However, in its portrayal of Kashmiri leaders as the antagonists, the film inadvertently points a finger at their previous allies in Delhi, suggesting a preference for technical legalities over constitutional ethics. It touches upon the grim possibility of human rights abuses sanctioned by state officials. Yami’s character, Zooni, is asked what she might have done differently following an encounter with militant Burhan Wani. Her response, coupled with later actions, poses a compelling question: are the land and its integration more vital than the lives and welfare of its people?

Veteran actor Raj Zutshi conjures images of both Farooq and Omar Abdullah as a political figure with a sinister edge, while Divya Seth transforms Mehbooba Mufti into a silent yet manipulative character. Arun Govil returns to the screen with poise to portray the Prime Minister, and Kiran Karmarkar presents an impressive contrast as the Home Minister, countering Zutshi’s dramatic portrayal.

The film acknowledges the unchanged ‘ecosystem,’ despite shifts in power, itself adopting the mechanisms of the ‘system’ to convey its viewpoint.

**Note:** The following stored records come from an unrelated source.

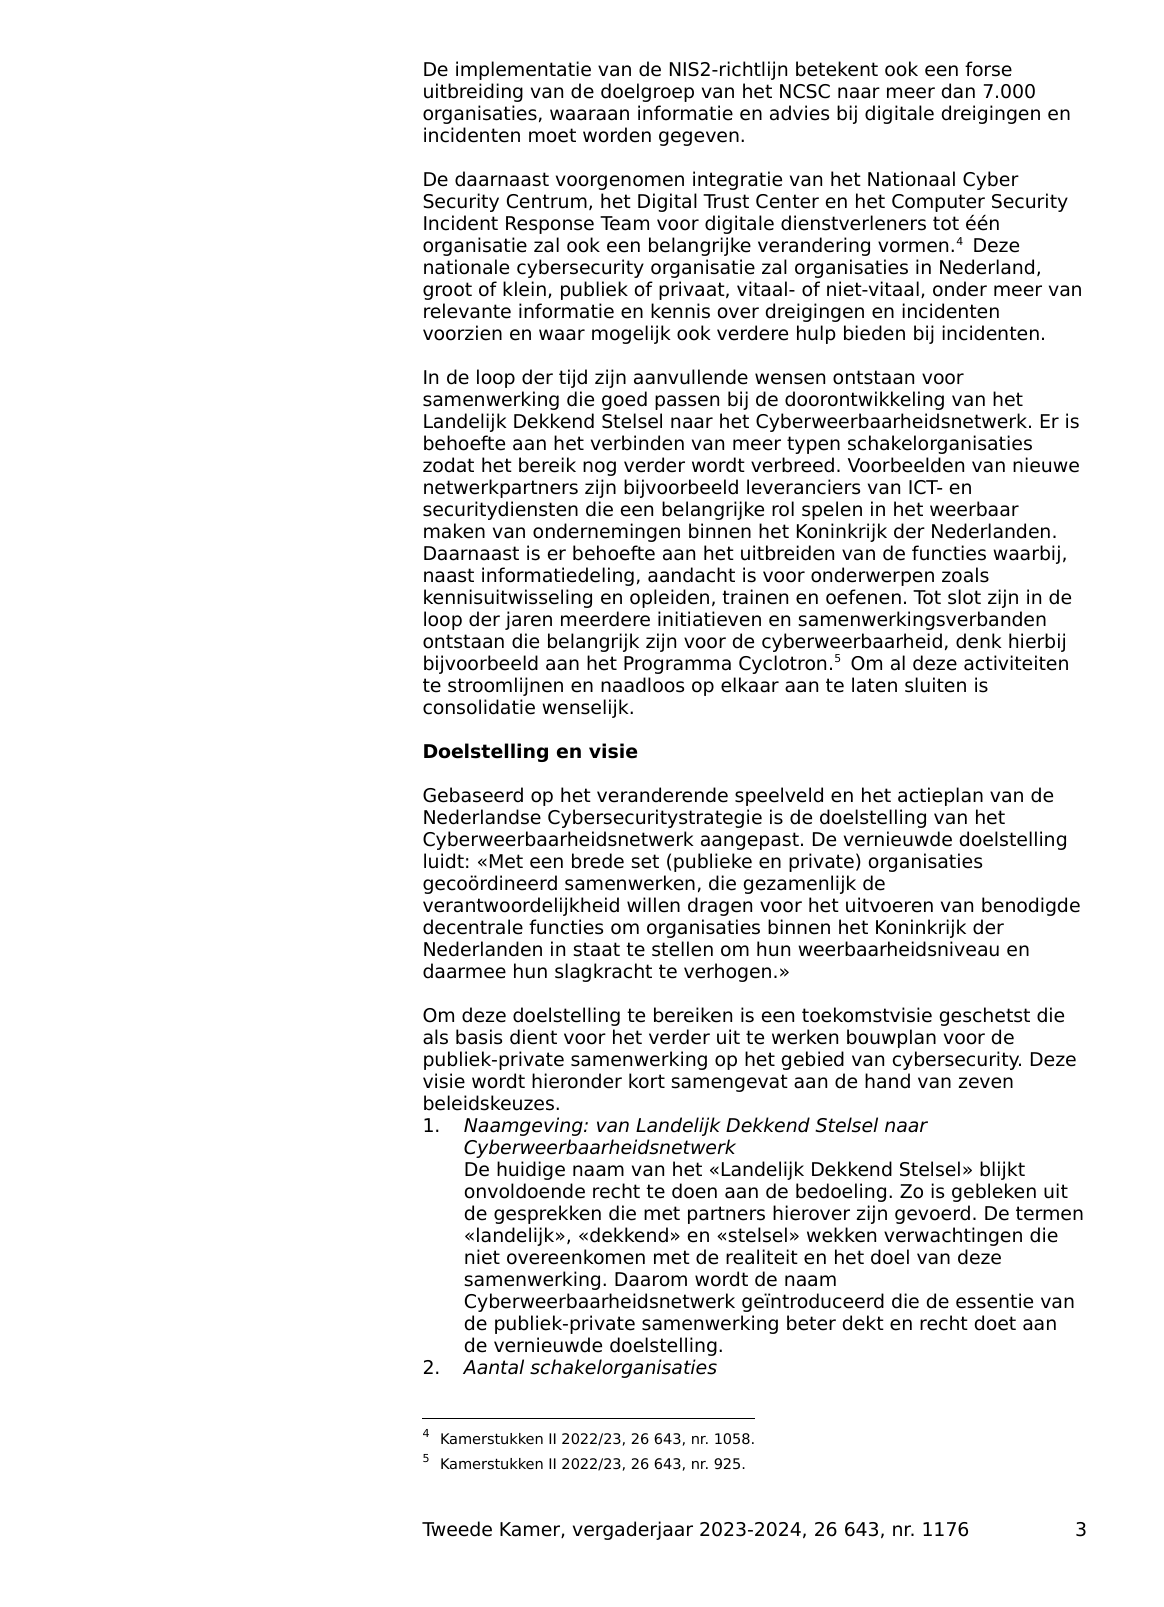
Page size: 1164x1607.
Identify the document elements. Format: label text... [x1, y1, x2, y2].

text De implementatie van de NIS2-richtlijn betekent ook een forse uitbreiding van de doelgroep van het NCSC naar meer dan 7.000 organisaties, waaraan informatie en advies bij digitale dreigingen en incidenten moet worden gegeven. [422, 59, 1087, 147]
text De huidige naam van het «Landelijk Dekkend Stelsel» blijkt onvoldoende recht te doen aan de bedoeling. Zo is gebleken uit de gesprekken die met partners hierover zijn gevoerd. De termen «landelijk», «dekkend» en «stelsel» wekken verwachtingen die niet overeenkomen met de realiteit en het doel van deze samenwerking. Daarom wordt de naam Cyberweerbaarheidsnetwerk geïntroduceerd die de essentie van de publiek-private samenwerking beter dekt en recht doet aan de vernieuwde doelstelling. [464, 1159, 1087, 1357]
text 1. Naamgeving: van Landelijk Dekkend Stelsel naar Cyberweerbaarheidsnetwerk [422, 1115, 1087, 1159]
text In de loop der tijd zijn aanvullende wensen ontstaan voor samenwerking die goed passen bij de doorontwikkeling van het Landelijk Dekkend Stelsel naar het Cyberweerbaarheidsnetwerk. Er is behoefte aan het verbinden van meer typen schakelorganisaties zodat het bereik nog verder wordt verbreed. Voorbeelden van nieuwe netwerkpartners zijn bijvoorbeeld leveranciers van ICT- en securitydiensten die een belangrijke rol spelen in het weerbaar maken van ondernemingen binnen het Koninkrijk der Nederlanden. Daarnaast is er behoefte aan het uitbreiden van de functies waarbij, naast informatiedeling, aandacht is voor onderwerpen zoals kennisuitwisseling en opleiden, trainen en oefenen. Tot slot zijn in de loop der jaren meerdere initiatieven en samenwerkingsverbanden ontstaan die belangrijk zijn voor de cyberweerbaarheid, denk hierbij bijvoorbeeld aan het Programma Cyclotron. Om al deze activiteiten te stroomlijnen en naadloos op elkaar aan te laten sluiten is consolidatie wenselijk. [422, 367, 1087, 719]
text Gebaseerd op het veranderende speelveld en het actieplan van de Nederlandse Cybersecuritystrategie is de doelstelling van het Cyberweerbaarheidsnetwerk aangepast. De vernieuwde doelstelling luidt: «Met een brede set (publieke en private) organisaties gecoördineerd samenwerken, die gezamenlijk de verantwoordelijkheid willen dragen voor het uitvoeren van benodigde decentrale functies om organisaties binnen het Koninkrijk der Nederlanden in staat te stellen om hun weerbaarheidsniveau en daarmee hun slagkracht te verhogen.» [422, 785, 1087, 983]
text Om deze doelstelling te bereiken is een toekomstvisie geschetst die als basis dient voor het verder uit te werken bouwplan voor de publiek-private samenwerking op het gebied van cybersecurity. Deze visie wordt hieronder kort samengevat aan de hand van zeven beleidskeuzes. [422, 1005, 1087, 1115]
subtitle Doelstelling en visie [422, 741, 1087, 763]
text 2. Aantal schakelorganisaties [422, 1357, 1087, 1379]
text Kamerstukken II 2022/23, 26 643, nr. 925. [422, 1452, 1087, 1474]
text De daarnaast voorgenomen integratie van het Nationaal Cyber Security Centrum, het Digital Trust Center en het Computer Security Incident Response Team voor digitale dienstverleners tot één organisatie zal ook een belangrijke verandering vormen. Deze nationale cybersecurity organisatie zal organisaties in Nederland, groot of klein, publiek of privaat, vitaal- of niet-vitaal, onder meer van relevante informatie en kennis over dreigingen en incidenten voorzien en waar mogelijk ook verdere hulp bieden bij incidenten. [422, 169, 1087, 345]
text Kamerstukken II 2022/23, 26 643, nr. 1058. [422, 1427, 1087, 1449]

The narrative stands out for placing two women, Zooni and her deputy secretary played by Priyamani, at the helm of the emotional and political saga; both actresses deliver compelling performances, particularly Gautam, whose portrayal of Zooni morphs from purpose to disillusionment.

Yet, as the story proceeds, it becomes increasingly simplistic, transforming into a portrayal reminiscent of the one-man army trope often seen in Bollywood. It suggests that the filmmakers take a cinematic leap beyond the democratic ethos they represent.

“Article 370” is more than just a film; it is a cinematic statement currently showing in theaters, inviting audiences to revisit and evaluate one of the most impactful decisions in recent Indian history.